Child vaccination rates down across North Carolina

New data shows that in most North Carolina school districts fewer kids are getting vaccinated.

Lisa Jillani is against vaccinations; she’s part of an alarming trend, according to doctors.

“Vaccines carry risks,” she said. “Any doctor will tell you that vaccines are not 100% safe.”

In North Carolina, Mecklenburg County saw the largest increase in non-vaccinated kindergarteners, up almost 2.5% from the previous year.

Wake County also saw a sharp increase in non-vaccinations. Roughly three percent of kindergarteners didn’t get vaccinated two years ago; over five percent didn’t get shots last year. The data points mostly to an increase in religious exemptions.

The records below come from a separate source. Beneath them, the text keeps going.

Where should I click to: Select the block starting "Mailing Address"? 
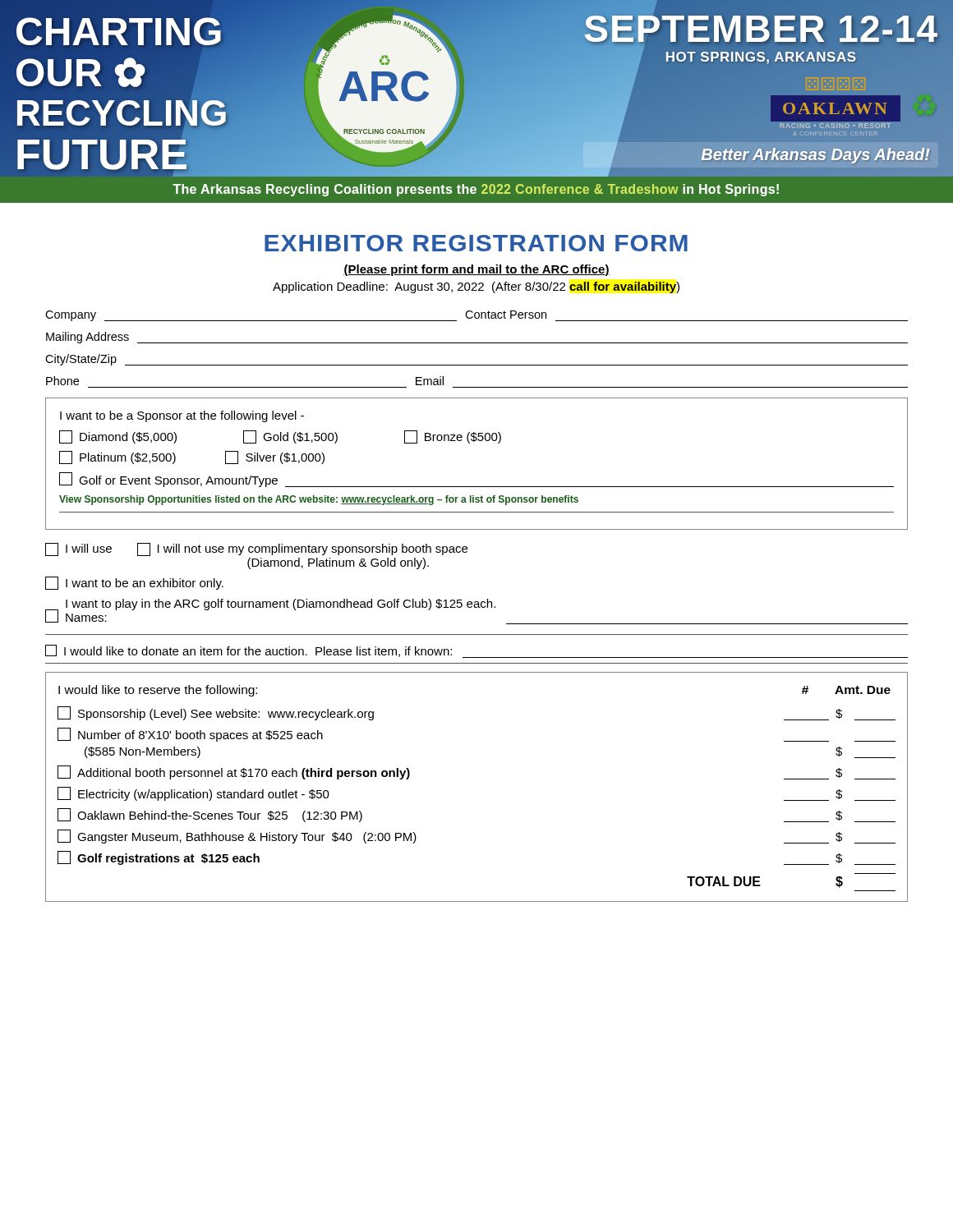coord(476,336)
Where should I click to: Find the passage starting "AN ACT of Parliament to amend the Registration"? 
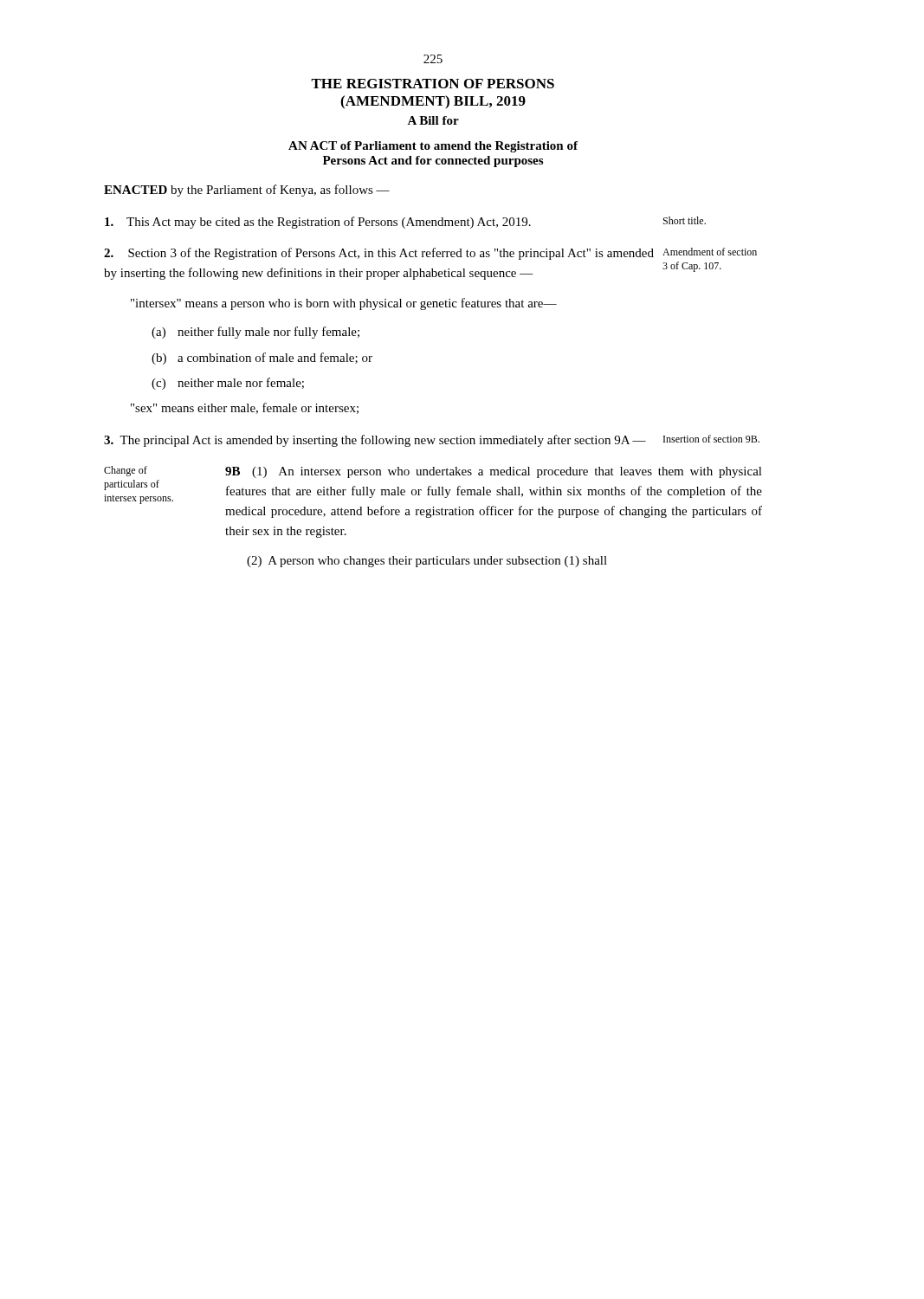pyautogui.click(x=433, y=153)
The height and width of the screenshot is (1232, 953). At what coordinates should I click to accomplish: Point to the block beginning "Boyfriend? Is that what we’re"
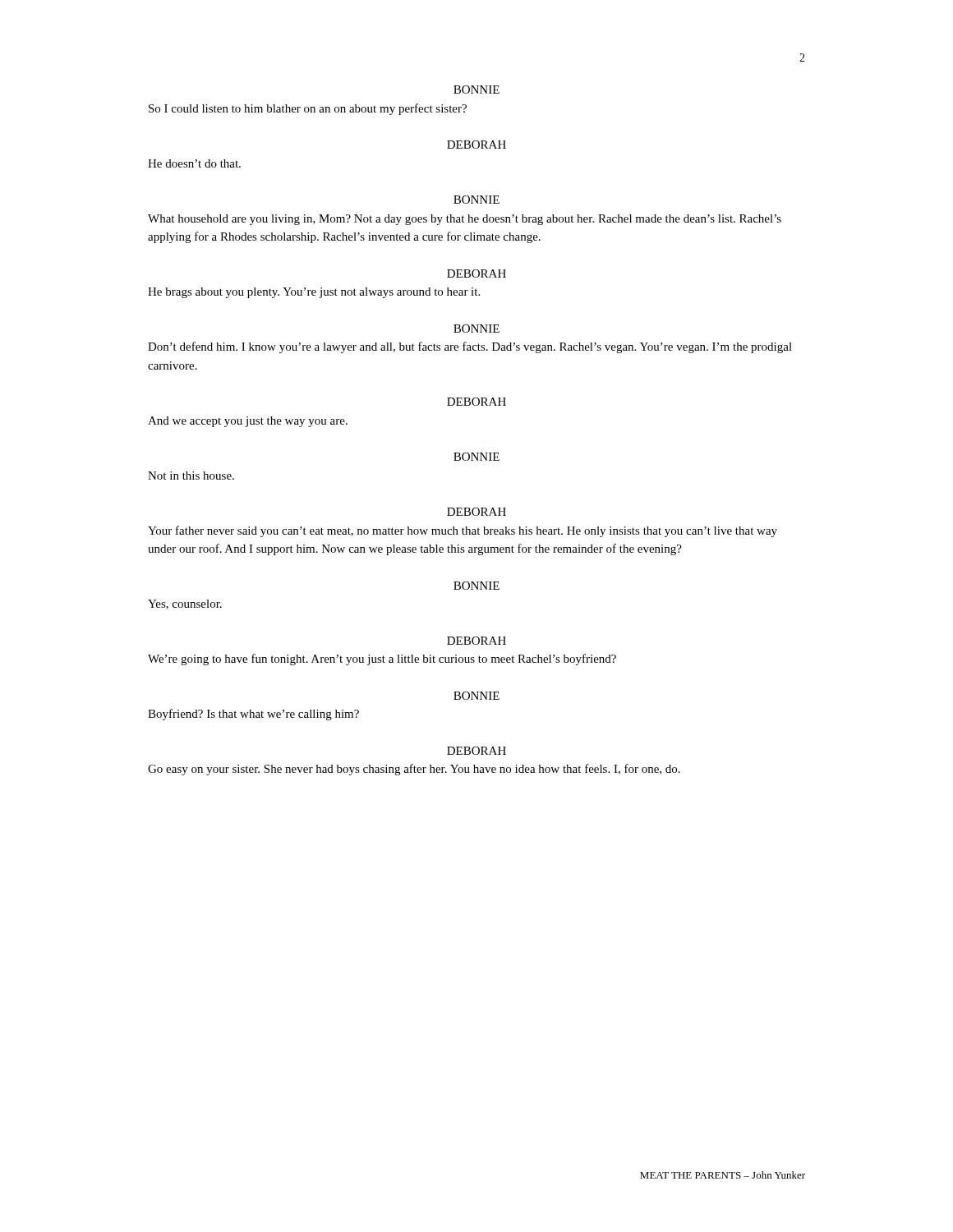click(x=254, y=714)
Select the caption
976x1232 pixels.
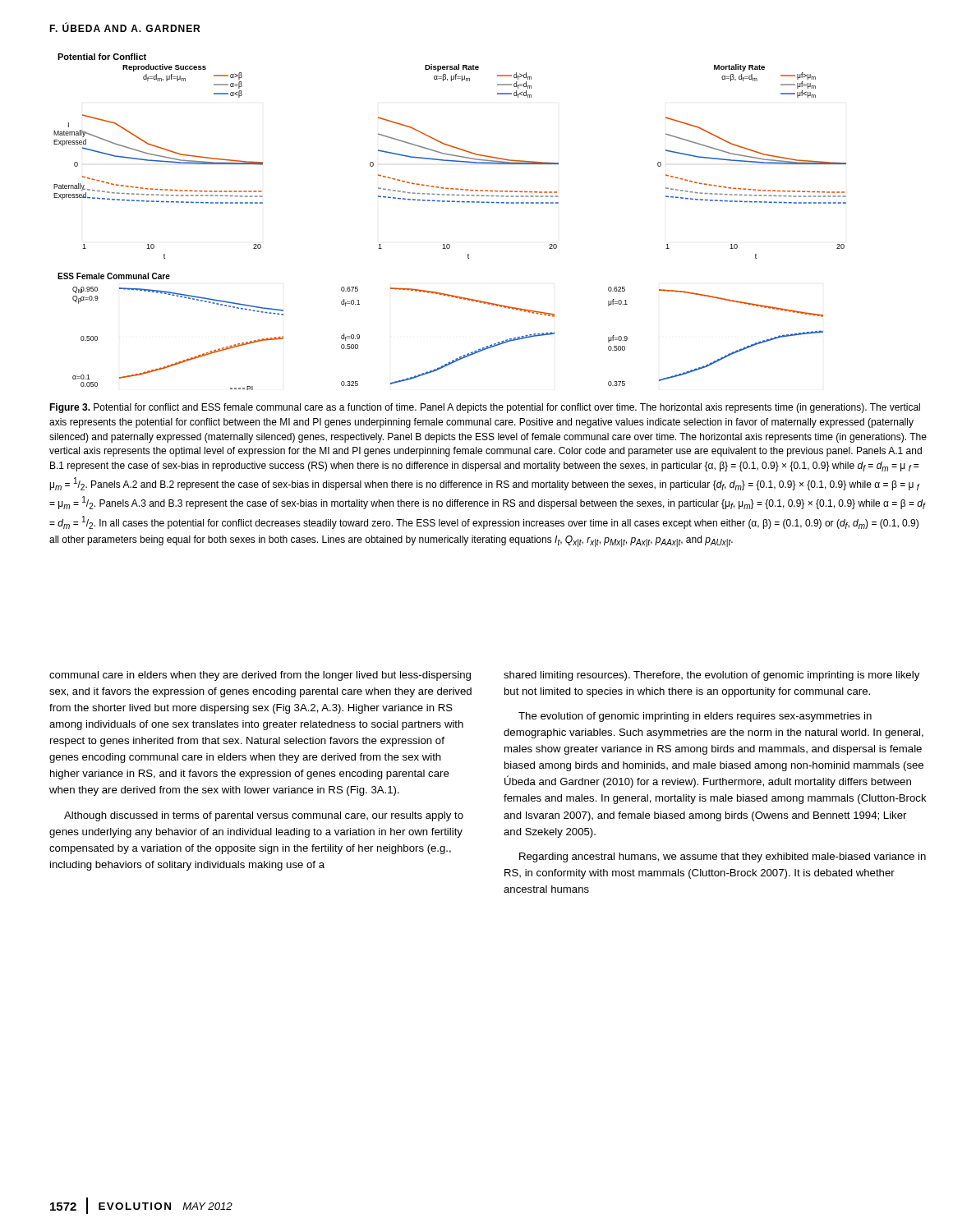(x=488, y=474)
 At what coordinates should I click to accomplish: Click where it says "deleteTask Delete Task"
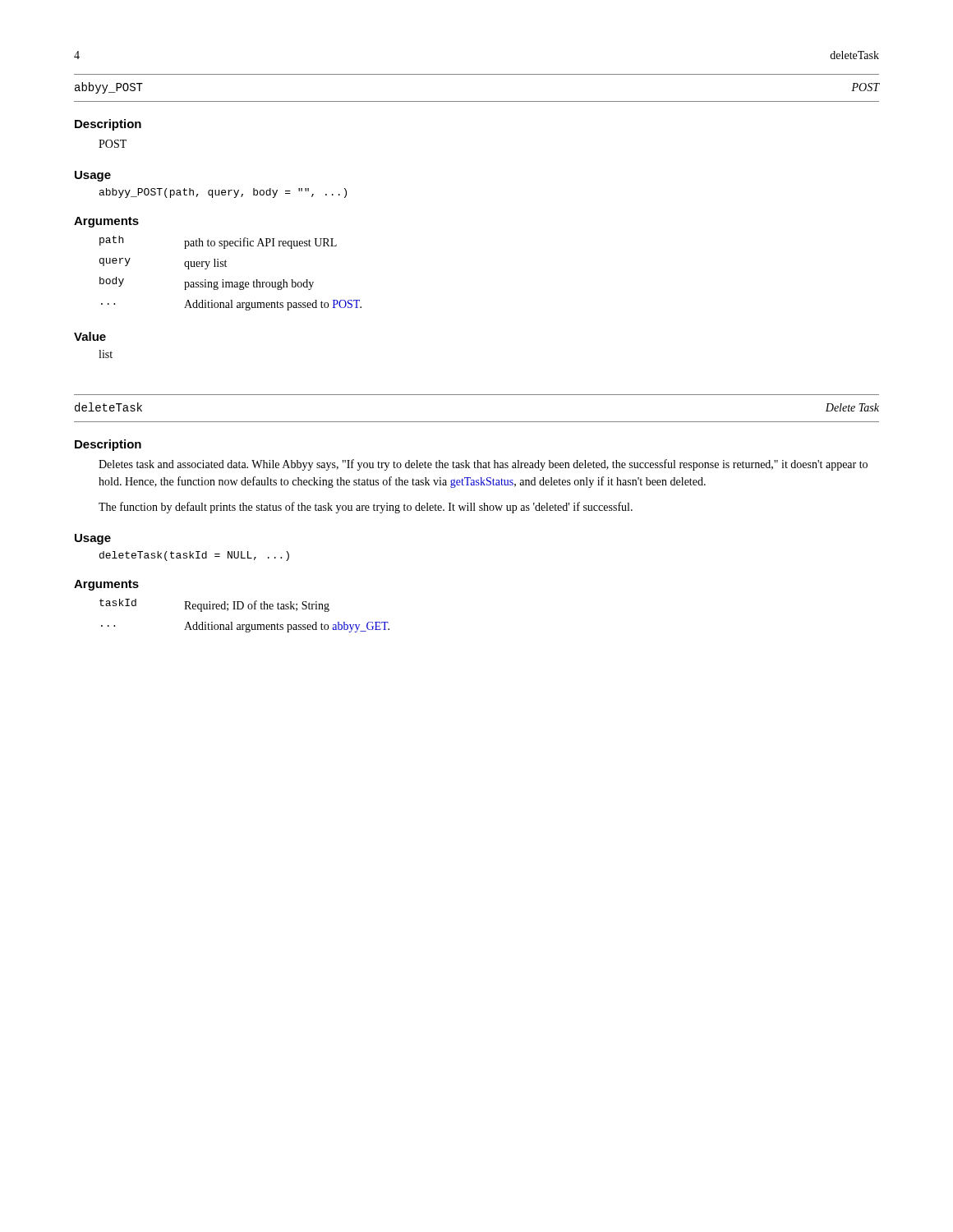tap(104, 407)
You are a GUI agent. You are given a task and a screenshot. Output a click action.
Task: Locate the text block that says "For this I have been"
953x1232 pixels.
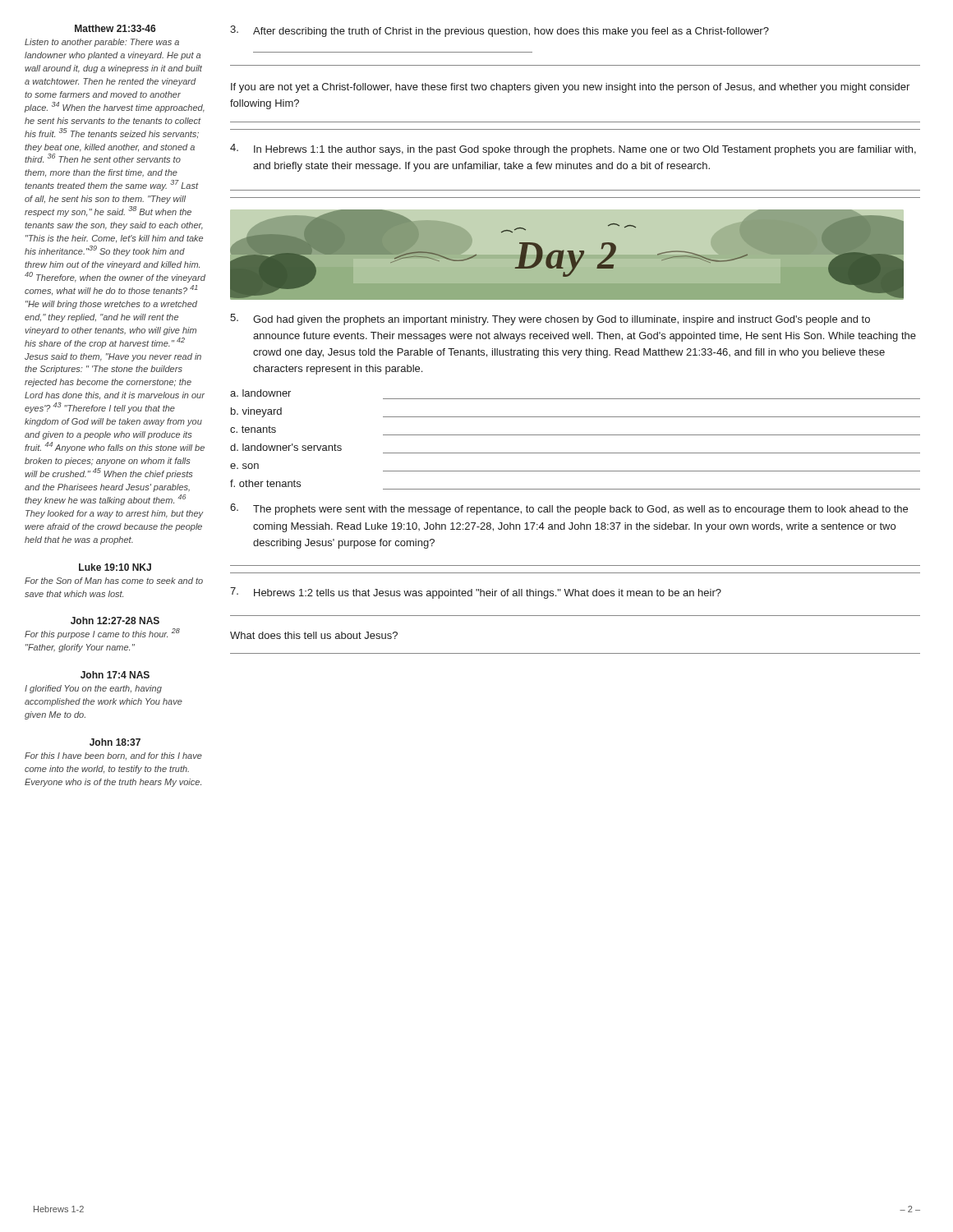click(114, 769)
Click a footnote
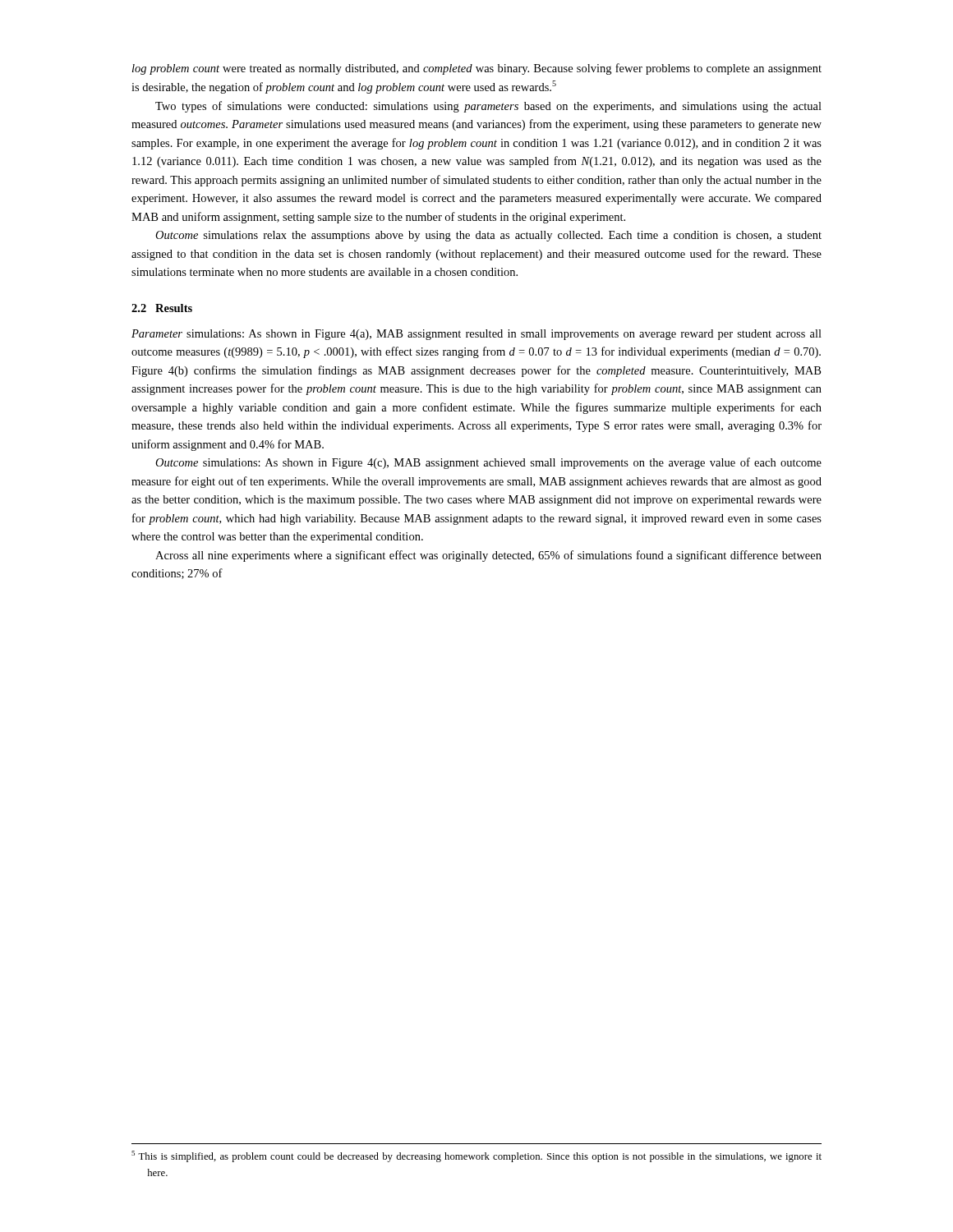The height and width of the screenshot is (1232, 953). (476, 1165)
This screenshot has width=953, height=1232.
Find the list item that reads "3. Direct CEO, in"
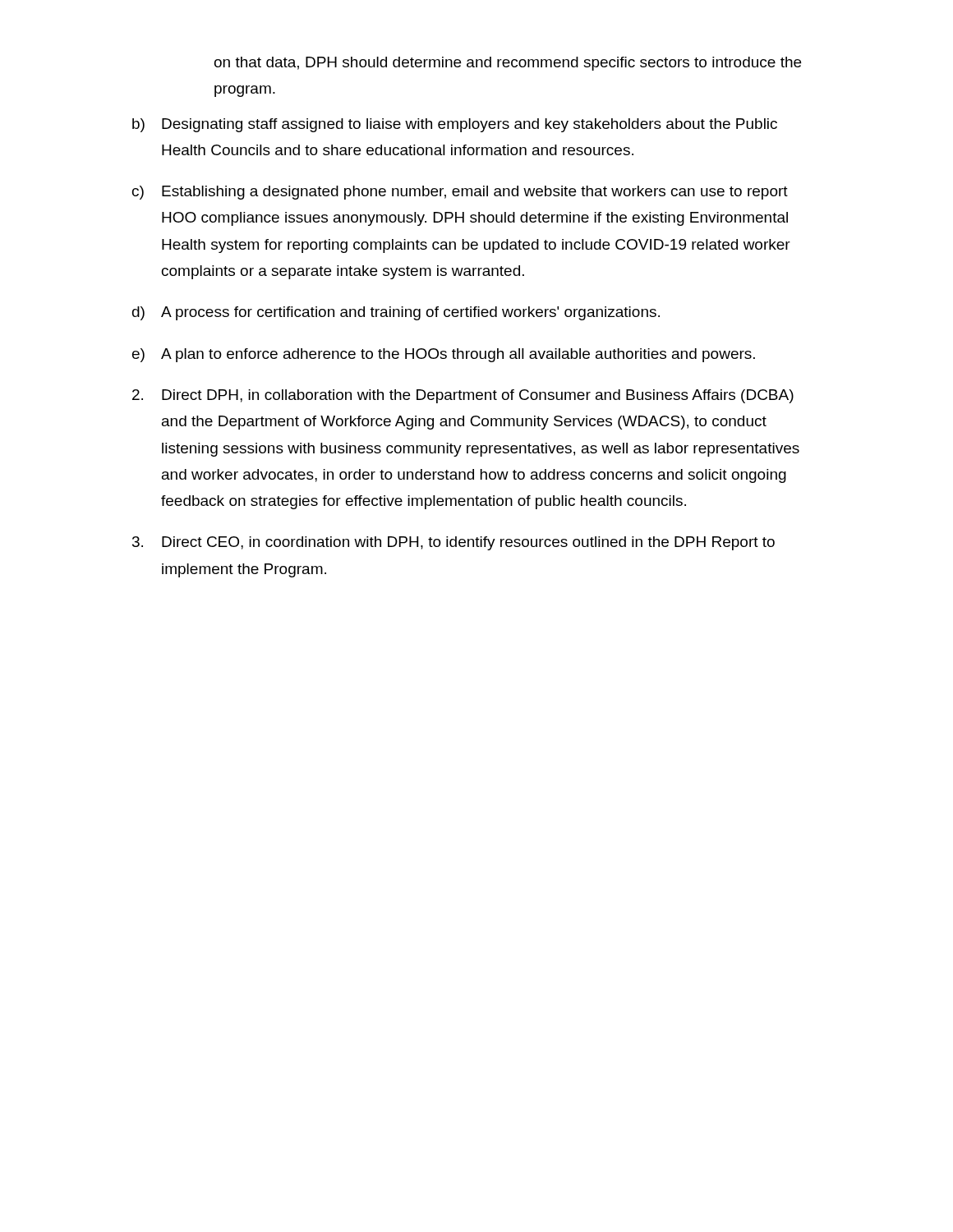(x=472, y=556)

If you choosing to be exempt from a vaccine, and you’re pocketed in a community where those exemptions are high, how does that related to the risk and health of a community as a whole,” said Doctor Kasey Scannell, a pediatrician with Novant Health. “I think that’s sort of the balance we’re trying to deal with as health professionals,” she said, “of where is the tipping point of wanting to be respectful of people being able to make their own choices, but also having responsibility of protecting the community as a whole.”

Dr. Scannell says it’s important for children to get vaccinated to prevent the spread of disease.

“We need to have a healthy appreciation of science and what it has taught us and where that has gotten us,” she said, “and the reason that there is no small pox is because there’s a vaccination.”

In Jillani’s case, she says she made the choice to not vaccinate her second child after she claims her first daughter developed autism.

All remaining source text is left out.